The Gemini API additionally now offers extra granular management over multimodal imaginative and prescient processing, with a media_resolution parameter for configuring what number of tokens are used for picture, video, and doc inputs. Builders can steadiness visible constancy with token utilization. Decision could be set utilizing media_resolution_low, media_resolution_medium, or media_resolution_high. Increased decision boosts the mannequin’s skill to learn tremendous textual content or determine small particulars, Google mentioned.
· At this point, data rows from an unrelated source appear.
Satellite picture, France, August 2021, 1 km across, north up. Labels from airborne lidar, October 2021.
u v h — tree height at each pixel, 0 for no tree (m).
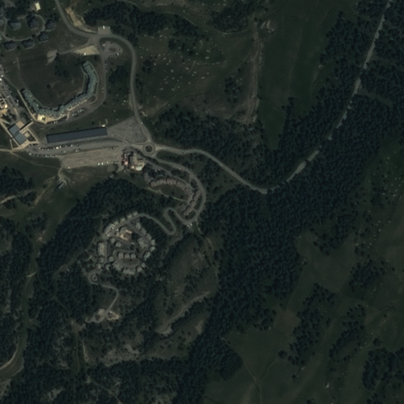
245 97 0
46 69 0
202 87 0
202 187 0
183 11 0
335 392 0
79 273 13
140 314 10
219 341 18
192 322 0
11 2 0
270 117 0
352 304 0
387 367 0
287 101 0
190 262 0
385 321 0
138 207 15
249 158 16
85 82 0
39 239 0
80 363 0
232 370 27
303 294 0
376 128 19
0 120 0
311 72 0
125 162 0
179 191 0
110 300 0
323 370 0
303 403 0
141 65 0
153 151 0
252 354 0
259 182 11
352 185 17
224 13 6
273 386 0
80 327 0
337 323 0
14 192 11
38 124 0
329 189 11
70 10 0
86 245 11
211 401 0
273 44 0
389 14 14
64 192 0
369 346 0
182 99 0
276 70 0
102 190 10
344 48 14
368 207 0
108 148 0
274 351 0
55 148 0
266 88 0
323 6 0
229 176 0
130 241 0
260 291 18
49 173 0
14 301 11
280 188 10
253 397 0
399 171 0
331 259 0
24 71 0
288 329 0
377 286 0
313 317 12
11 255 8
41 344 17
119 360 0
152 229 10
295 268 14
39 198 0
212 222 28
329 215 22
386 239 0
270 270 28
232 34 0
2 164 0
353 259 0
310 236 0
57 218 0
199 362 18
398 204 0
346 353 0
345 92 8
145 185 0
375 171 0
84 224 18
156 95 0
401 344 0
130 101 0
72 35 0
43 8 0
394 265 0
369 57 0
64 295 9
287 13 0
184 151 0
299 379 0
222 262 14
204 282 0
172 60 0
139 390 13
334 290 0
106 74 0
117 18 7
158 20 8
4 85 0
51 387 8
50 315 7
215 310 17
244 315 16
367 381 26
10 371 0
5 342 8
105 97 0
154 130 0
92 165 0
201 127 6
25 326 0
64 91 0
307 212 13
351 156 8
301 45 0
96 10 10
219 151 11
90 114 0
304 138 22
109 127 0
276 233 20
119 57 0
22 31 0
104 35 0
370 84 22
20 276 8
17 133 0
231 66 0
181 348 11
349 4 0
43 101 0
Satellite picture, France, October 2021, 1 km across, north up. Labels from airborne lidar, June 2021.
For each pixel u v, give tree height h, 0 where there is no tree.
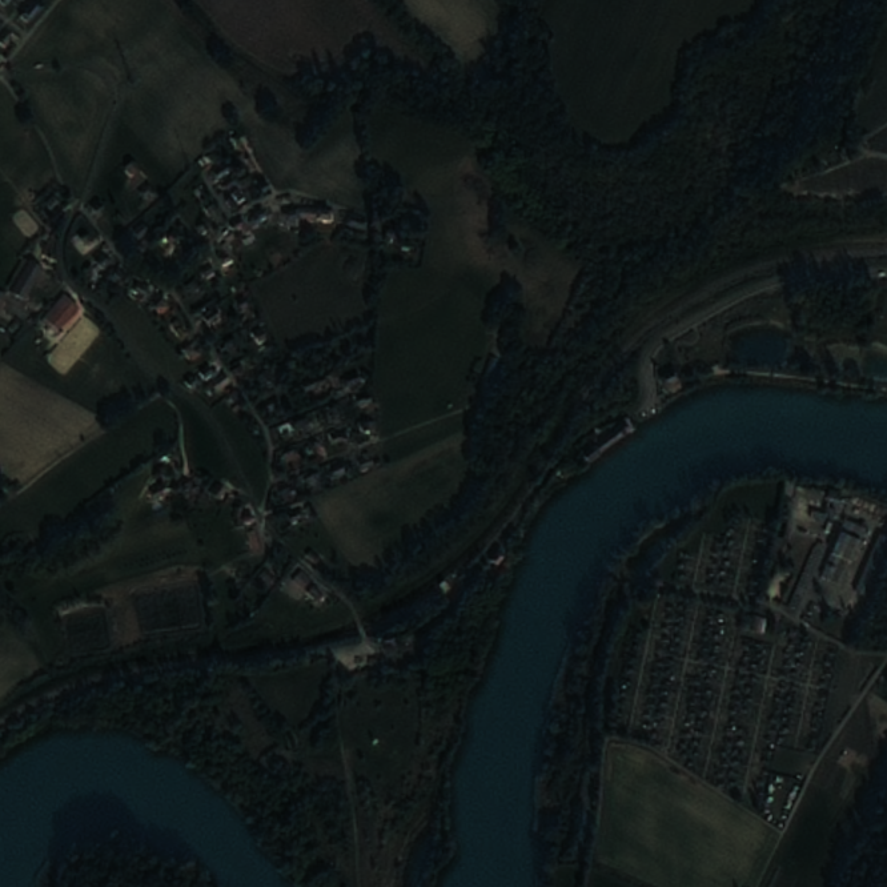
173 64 0
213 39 0
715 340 0
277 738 8
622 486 0
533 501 11
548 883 20
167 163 0
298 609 0
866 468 0
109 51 0
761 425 0
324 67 0
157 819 0
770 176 23
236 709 0
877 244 0
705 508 12
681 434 0
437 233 0
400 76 27
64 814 0
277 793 15
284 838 17
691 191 18
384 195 14
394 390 0
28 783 0
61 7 0
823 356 0
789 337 0
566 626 0
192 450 0
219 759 19
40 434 0
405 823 6
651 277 16
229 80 0
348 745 0
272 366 9
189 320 6
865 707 0
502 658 0
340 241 8
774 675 0
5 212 0
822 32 22
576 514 0
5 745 15
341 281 0
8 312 0
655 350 0
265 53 0
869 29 26
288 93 0
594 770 11
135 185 0
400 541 0
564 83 0
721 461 0
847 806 0
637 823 0
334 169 0
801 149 20
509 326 19
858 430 0
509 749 0
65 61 0
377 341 10
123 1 0
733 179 11
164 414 0
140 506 0
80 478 0
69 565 25
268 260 0
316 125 15
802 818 0
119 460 0
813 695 0
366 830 0
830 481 12
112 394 0
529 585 0
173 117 0
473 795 0
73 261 0
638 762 0
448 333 0
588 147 14
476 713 0
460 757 0
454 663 19
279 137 0
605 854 0
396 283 0
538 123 21
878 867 26
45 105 0
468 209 0
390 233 0
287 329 0
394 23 20
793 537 0
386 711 0
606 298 18
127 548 0
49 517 0
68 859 26
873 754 0
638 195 12
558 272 0
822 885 0
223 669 21
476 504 23
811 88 7
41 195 6
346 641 0
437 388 0
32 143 0
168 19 0
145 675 19
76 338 0
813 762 0
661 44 0
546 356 14
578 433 19
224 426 0
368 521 0
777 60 16
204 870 12
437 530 20
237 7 0
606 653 13
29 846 0
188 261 18
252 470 0
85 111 0
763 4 17
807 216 13
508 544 13
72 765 0
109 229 0
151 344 0
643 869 0
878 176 0
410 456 0
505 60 15
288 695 0
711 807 0
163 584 0
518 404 20
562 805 8
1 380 0
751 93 16
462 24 0
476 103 27
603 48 0
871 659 0
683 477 0
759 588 12
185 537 0
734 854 0
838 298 26
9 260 0
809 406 0
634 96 0
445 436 0
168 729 20
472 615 21
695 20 0
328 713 11
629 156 13
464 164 0
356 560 0
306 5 0
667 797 0
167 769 0
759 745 0
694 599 12
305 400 11
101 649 0
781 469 18
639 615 0
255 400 8
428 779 6
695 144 13
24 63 0
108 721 14
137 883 19
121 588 0
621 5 0
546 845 13
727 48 17
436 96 25
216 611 0
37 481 0
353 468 8
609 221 19
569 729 9
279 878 0
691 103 13
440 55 22
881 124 0
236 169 11
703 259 24
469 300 0
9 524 0
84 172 0
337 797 6
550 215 18
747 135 18
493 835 0
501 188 14
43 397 0
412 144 0
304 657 14
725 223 8
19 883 0
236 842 0
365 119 12
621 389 17
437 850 14
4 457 0
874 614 19
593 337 21
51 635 0
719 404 0
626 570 0
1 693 0
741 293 0
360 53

Beginning with Gemini 3, Gemini API additionally brings again thought signatures to enhance perform calling and picture technology. Thought signatures are encrypted representations of the mannequin’s inside thought course of. By passing these signatures again to the mannequin in subsequent API calls, builders can be certain that Gemini 3 maintains its chain of reasoning throughout a dialog. That is necessary for complicated, multi-step agentic workflows the place preserving the “why” behind a choice is as necessary as the choice itself, Google mentioned.
Moreover, builders now can mix structured outputs with Gemini-hosted instruments, particularly Grounding with Google Search and URL Context. Combining structured outputs is very highly effective for constructing brokers that should fetch reside info from the net or particular internet pages and extract the information right into a JSON format for downstream duties, Google mentioned, noting that it has up to date the pricing of Grounding with Google Search to higher assist agentic workflows. The pricing mannequin adjustments from a flat charge of $35 per 1K prompts to a usage-based charge of $14 per 1,000 search queries.